## Your assignment
When writing out the entries below, keep only the lines from the line with "picture [38, 25, 227, 150]" to the line with "text Spoedwet wegverbreding: [422, 497, 1087, 519]", both included, exactly as they are, and leave the pictures aside.

Extracted records:
·····

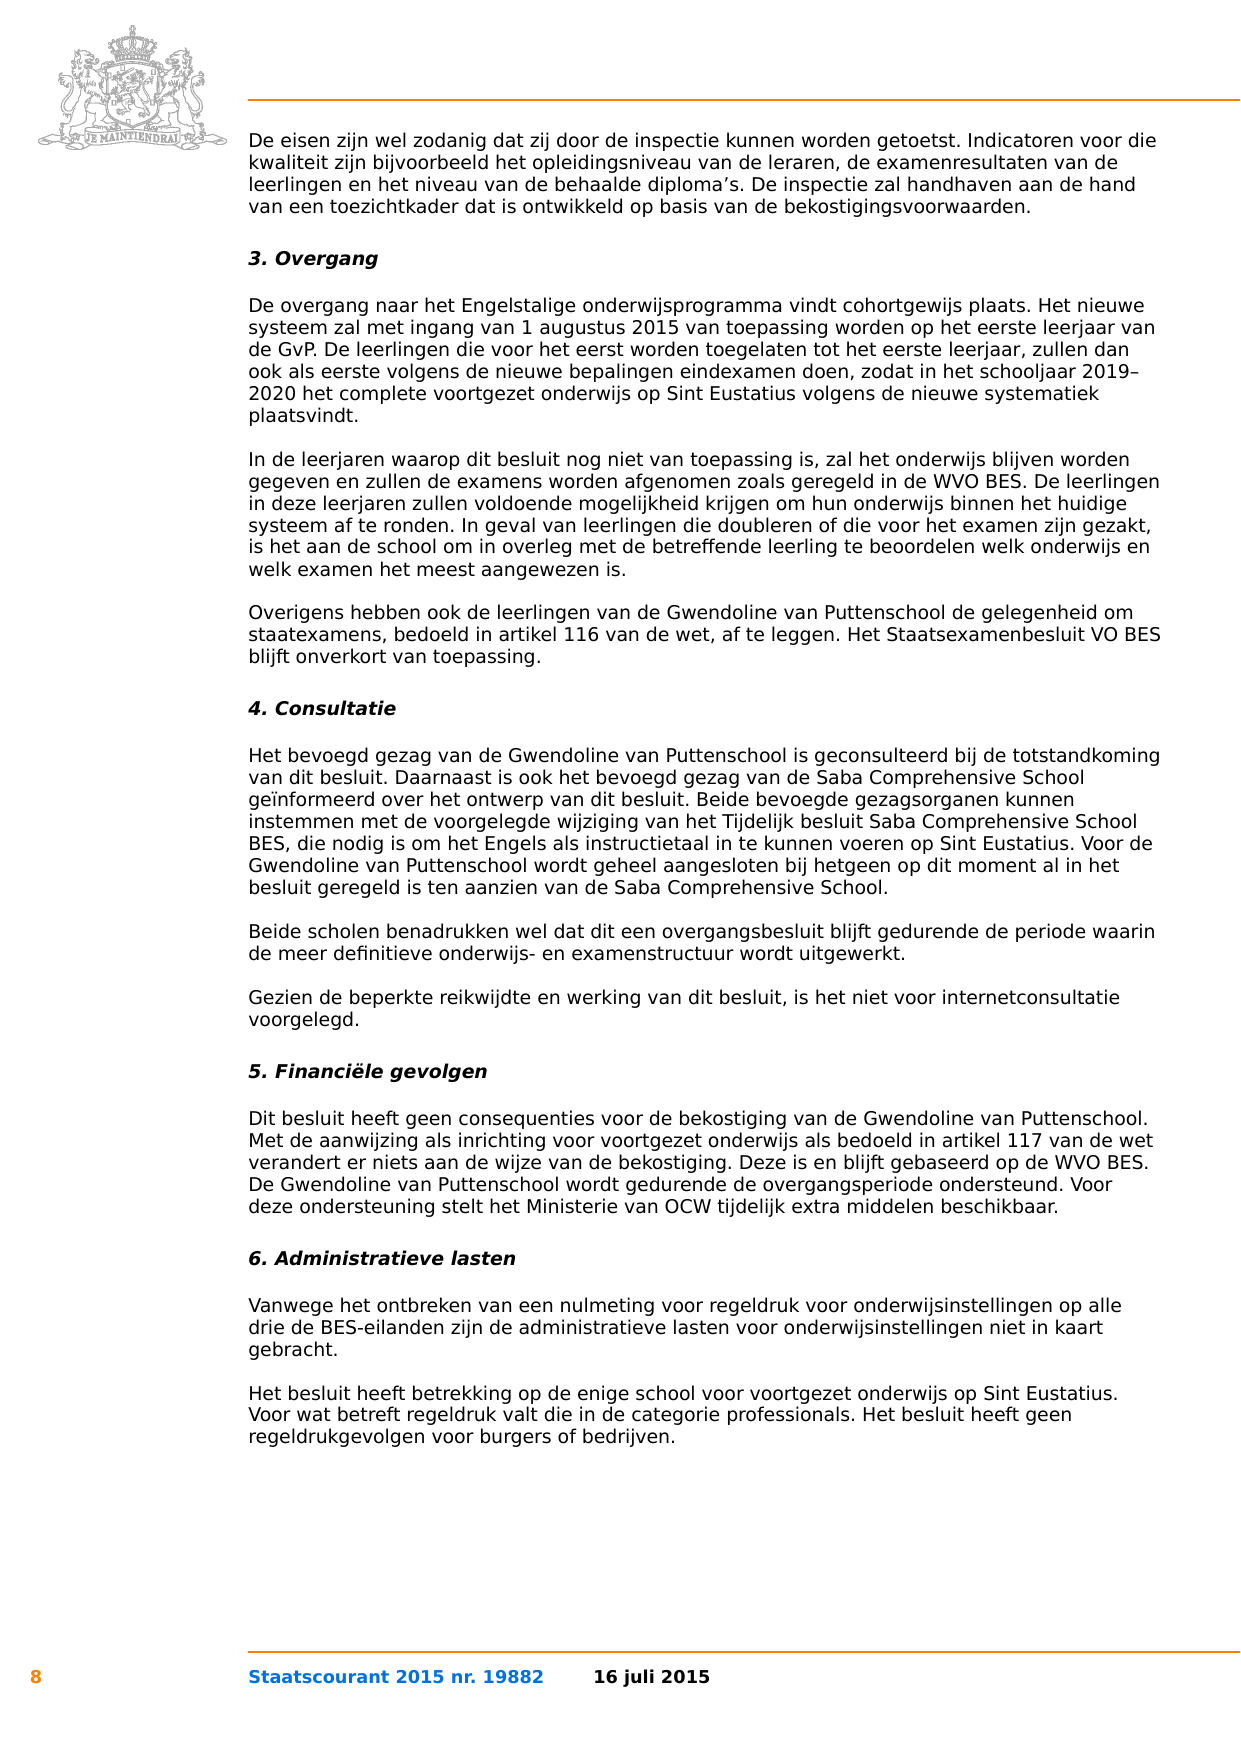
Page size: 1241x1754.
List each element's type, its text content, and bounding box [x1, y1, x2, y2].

text Het bevoegd gezag van de Gwendoline van Puttenschool is geconsulteerd bij de totstandkoming van dit besluit. Daarnaast is ook het bevoegd gezag van de Saba Comprehensive School geïnformeerd over het ontwerp van dit besluit. Beide bevoegde gezagsorganen kunnen instemmen met de voorgelegde wijziging van het Tijdelijk besluit Saba Comprehensive School BES, die nodig is om het Engels als instructietaal in te kunnen voeren op Sint Eustatius. Voor de Gwendoline van Puttenschool wordt geheel aangesloten bij hetgeen op dit moment al in het besluit geregeld is ten aanzien van de Saba Comprehensive School. [248, 745, 1163, 899]
text Vanwege het ontbreken van een nulmeting voor regeldruk voor onderwijsinstellingen op alle drie de BES-eilanden zijn de administratieve lasten voor onderwijsinstellingen niet in kaart gebracht. [248, 1294, 1163, 1361]
text Overigens hebben ook de leerlingen van de Gwendoline van Puttenschool de gelegenheid om staatexamens, bedoeld in artikel 116 van de wet, af te leggen. Het Staatsexamenbesluit VO BES blijft onverkort van toepassing. [248, 602, 1163, 668]
text Het besluit heeft betrekking op de enige school voor voortgezet onderwijs op Sint Eustatius. Voor wat betreft regeldruk valt die in de categorie professionals. Het besluit heeft geen regeldrukgevolgen voor burgers of bedrijven. [248, 1382, 1163, 1448]
subtitle 6. Administratieve lasten [248, 1248, 1163, 1269]
subtitle 5. Financiële gevolgen [248, 1061, 1163, 1083]
text Beide scholen benadrukken wel dat dit een overgangsbesluit blijft gedurende de periode waarin de meer definitieve onderwijs- en examenstructuur wordt uitgewerkt. [248, 921, 1163, 965]
subtitle 4. Consultatie [248, 698, 1163, 720]
subtitle 3. Overgang [248, 248, 1163, 270]
text De eisen zijn wel zodanig dat zij door de inspectie kunnen worden getoetst. Indicatoren voor die kwaliteit zijn bijvoorbeeld het opleidingsniveau van de leraren, de examenresultaten van de leerlingen en het niveau van de behaalde diploma’s. De inspectie zal handhaven aan de hand van een toezichtkader dat is ontwikkeld op basis van de bekostigingsvoorwaarden. [248, 130, 1163, 218]
text In de leerjaren waarop dit besluit nog niet van toepassing is, zal het onderwijs blijven worden gegeven en zullen de examens worden afgenomen zoals geregeld in de WVO BES. De leerlingen in deze leerjaren zullen voldoende mogelijkheid krijgen om hun onderwijs binnen het huidige systeem af te ronden. In geval van leerlingen die doubleren of die voor het examen zijn gezakt, is het aan de school om in overleg met de betreffende leerling te beoordelen welk onderwijs en welk examen het meest aangewezen is. [248, 448, 1163, 580]
text De overgang naar het Engelstalige onderwijsprogramma vindt cohortgewijs plaats. Het nieuwe systeem zal met ingang van 1 augustus 2015 van toepassing worden op het eerste leerjaar van de GvP. De leerlingen die voor het eerst worden toegelaten tot het eerste leerjaar, zullen dan ook als eerste volgens de nieuwe bepalingen eindexamen doen, zodat in het schooljaar 2019–2020 het complete voortgezet onderwijs op Sint Eustatius volgens de nieuwe systematiek plaatsvindt. [248, 295, 1163, 427]
text Gezien de beperkte reikwijdte en werking van dit besluit, is het niet voor internetconsultatie voorgelegd. [248, 987, 1163, 1031]
picture [38, 25, 227, 150]
text Dit besluit heeft geen consequenties voor de bekostiging van de Gwendoline van Puttenschool. Met de aanwijzing als inrichting voor voortgezet onderwijs als bedoeld in artikel 117 van de wet verandert er niets aan de wijze van de bekostiging. Deze is en blijft gebaseerd op de WVO BES. De Gwendoline van Puttenschool wordt gedurende de overgangsperiode ondersteund. Voor deze ondersteuning stelt het Ministerie van OCW tijdelijk extra middelen beschikbaar. [248, 1108, 1163, 1218]
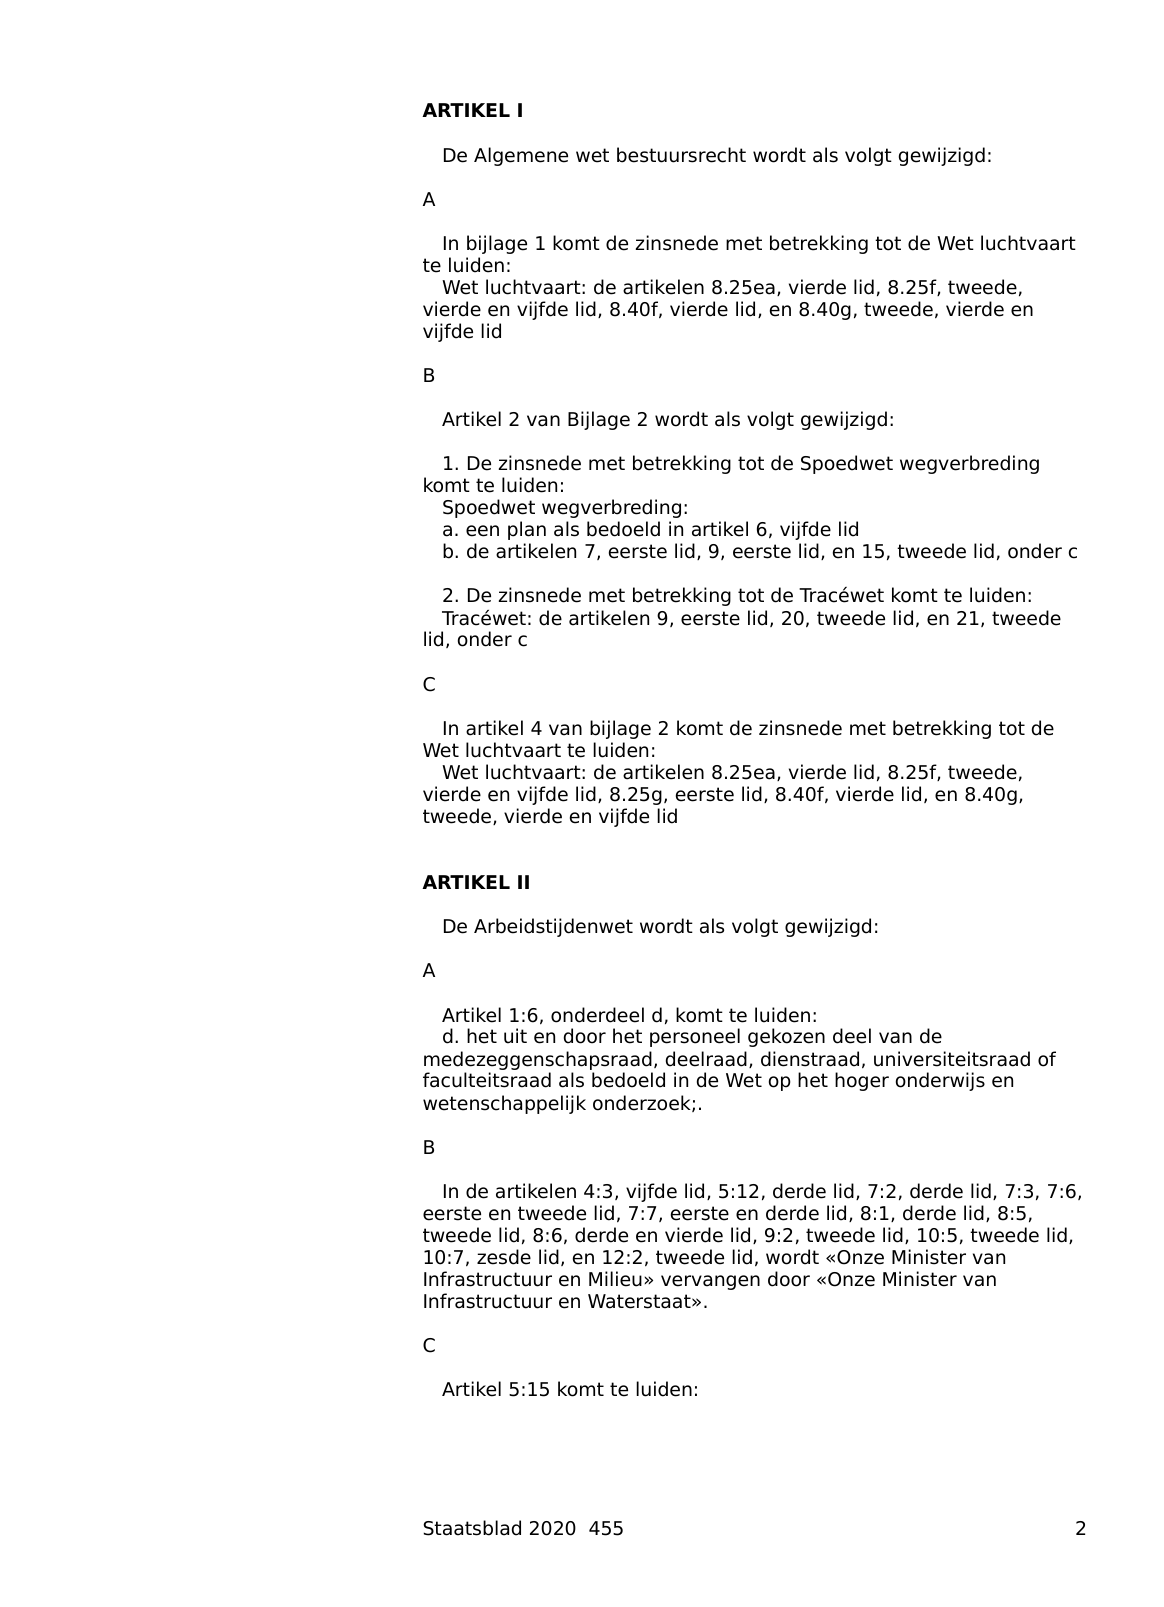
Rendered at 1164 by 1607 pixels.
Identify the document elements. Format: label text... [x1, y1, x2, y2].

text C [422, 673, 1087, 696]
text In bijlage 1 komt de zinsnede met betrekking tot de Wet luchtvaart te luiden: [422, 233, 1087, 277]
text 1. De zinsnede met betrekking tot de Spoedwet wegverbreding komt te luiden: [422, 453, 1087, 497]
text Spoedwet wegverbreding: [422, 497, 1087, 519]
text Wet luchtvaart: de artikelen 8.25ea, vierde lid, 8.25f, tweede, vierde en vijfde lid, 8.25g, eerste lid, 8.40f, vierde lid, en 8.40g, tweede, vierde en vijfde lid [422, 762, 1087, 828]
text d. het uit en door het personeel gekozen deel van de medezeggenschapsraad, deelraad, dienstraad, universiteitsraad of faculteitsraad als bedoeld in de Wet op het hoger onderwijs en wetenschappelijk onderzoek;. [422, 1026, 1087, 1114]
text A [422, 189, 1087, 211]
text In artikel 4 van bijlage 2 komt de zinsnede met betrekking tot de Wet luchtvaart te luiden: [422, 718, 1087, 762]
text Artikel 1:6, onderdeel d, komt te luiden: [422, 1004, 1087, 1026]
subtitle ARTIKEL I [422, 100, 1087, 122]
text A [422, 960, 1087, 982]
text C [422, 1335, 1087, 1357]
text Wet luchtvaart: de artikelen 8.25ea, vierde lid, 8.25f, tweede, vierde en vijfde lid, 8.40f, vierde lid, en 8.40g, tweede, vierde en vijfde lid [422, 277, 1087, 343]
text a. een plan als bedoeld in artikel 6, vijfde lid [422, 519, 1087, 541]
text De Algemene wet bestuursrecht wordt als volgt gewijzigd: [422, 144, 1087, 167]
text Tracéwet: de artikelen 9, eerste lid, 20, tweede lid, en 21, tweede lid, onder c [422, 607, 1087, 651]
text B [422, 1137, 1087, 1158]
subtitle ARTIKEL II [422, 872, 1087, 894]
text De Arbeidstijdenwet wordt als volgt gewijzigd: [422, 916, 1087, 938]
text Artikel 2 van Bijlage 2 wordt als volgt gewijzigd: [422, 409, 1087, 431]
text B [422, 365, 1087, 387]
text 2. De zinsnede met betrekking tot de Tracéwet komt te luiden: [422, 585, 1087, 607]
text Artikel 5:15 komt te luiden: [422, 1379, 1087, 1401]
text b. de artikelen 7, eerste lid, 9, eerste lid, en 15, tweede lid, onder c [422, 541, 1087, 563]
text In de artikelen 4:3, vijfde lid, 5:12, derde lid, 7:2, derde lid, 7:3, 7:6, eerste en tweede lid, 7:7, eerste en derde lid, 8:1, derde lid, 8:5, tweede lid, 8:6, derde en vierde lid, 9:2, tweede lid, 10:5, tweede lid, 10:7, zesde lid, en 12:2, tweede lid, wordt «Onze Minister van Infrastructuur en Milieu» vervangen door «Onze Minister van Infrastructuur en Waterstaat». [422, 1181, 1087, 1313]
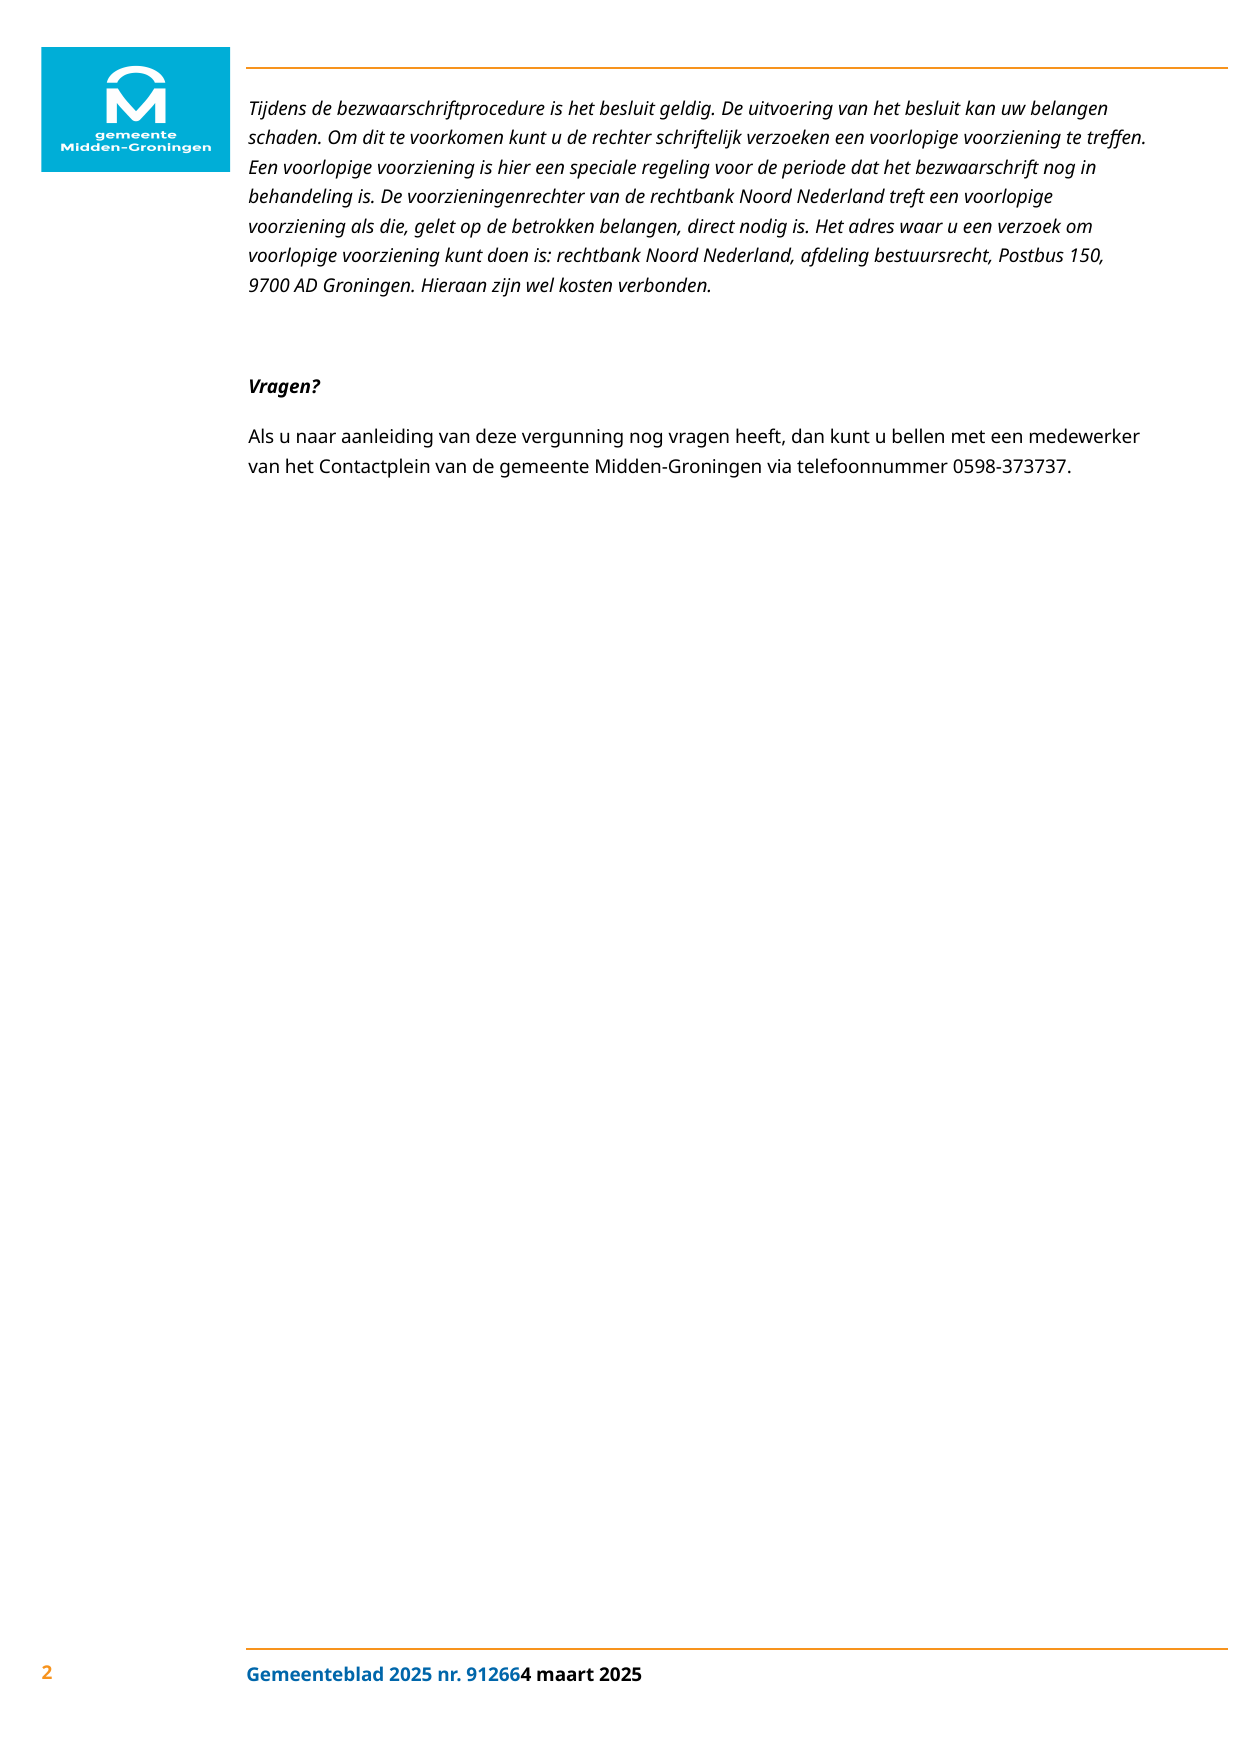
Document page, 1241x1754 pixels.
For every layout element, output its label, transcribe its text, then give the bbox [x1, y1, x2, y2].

picture [108, 66, 164, 82]
text Vragen? [248, 373, 1152, 399]
picture [184, 146, 190, 153]
text Als u naar aanleiding van deze vergunning nog vragen heeft, dan kunt u bellen met een medewerker van het Contactplein van de gemeente Midden-Groningen via telefoonnummer 0598-373737. [248, 423, 1152, 479]
text Tijdens de bezwaarschriftprocedure is het besluit geldig. De uitvoering van het besluit kan uw belangen schaden. Om dit te voorkomen kunt u de rechter schriftelijk verzoeken een voorlopige voorziening te treffen. Een voorlopige voorziening is hier een speciale regeling voor de periode dat het bezwaarschrift nog in behandeling is. De voorzieningenrechter van de rechtbank Noord Nederland treft een voorlopige voorziening als die, gelet op de betrokken belangen, direct nodig is. Het adres waar u een verzoek om voorlopige voorziening kunt doen is: rechtbank Noord Nederland, afdeling bestuursrecht, Postbus 150, 9700 AD Groningen. Hieraan zijn wel kosten verbonden. [248, 95, 1152, 298]
picture [107, 89, 165, 122]

·····

## Task response
picture [38, 25, 227, 150]
text Dit besluit heeft geen consequenties voor de bekostiging van de Gwendoline van Puttenschool. Met de aanwijzing als inrichting voor voortgezet onderwijs als bedoeld in artikel 117 van de wet verandert er niets aan de wijze van de bekostiging. Deze is en blijft gebaseerd op de WVO BES. De Gwendoline van Puttenschool wordt gedurende de overgangsperiode ondersteund. Voor deze ondersteuning stelt het Ministerie van OCW tijdelijk extra middelen beschikbaar. [248, 1108, 1163, 1218]
Rendered at 1164 by 1607 pixels.
Identify the document elements. Format: label text... [x1, y1, x2, y2].

text C [422, 673, 1087, 696]
text In bijlage 1 komt de zinsnede met betrekking tot de Wet luchtvaart te luiden: [422, 233, 1087, 277]
text 1. De zinsnede met betrekking tot de Spoedwet wegverbreding komt te luiden: [422, 453, 1087, 497]
text Spoedwet wegverbreding: [422, 497, 1087, 519]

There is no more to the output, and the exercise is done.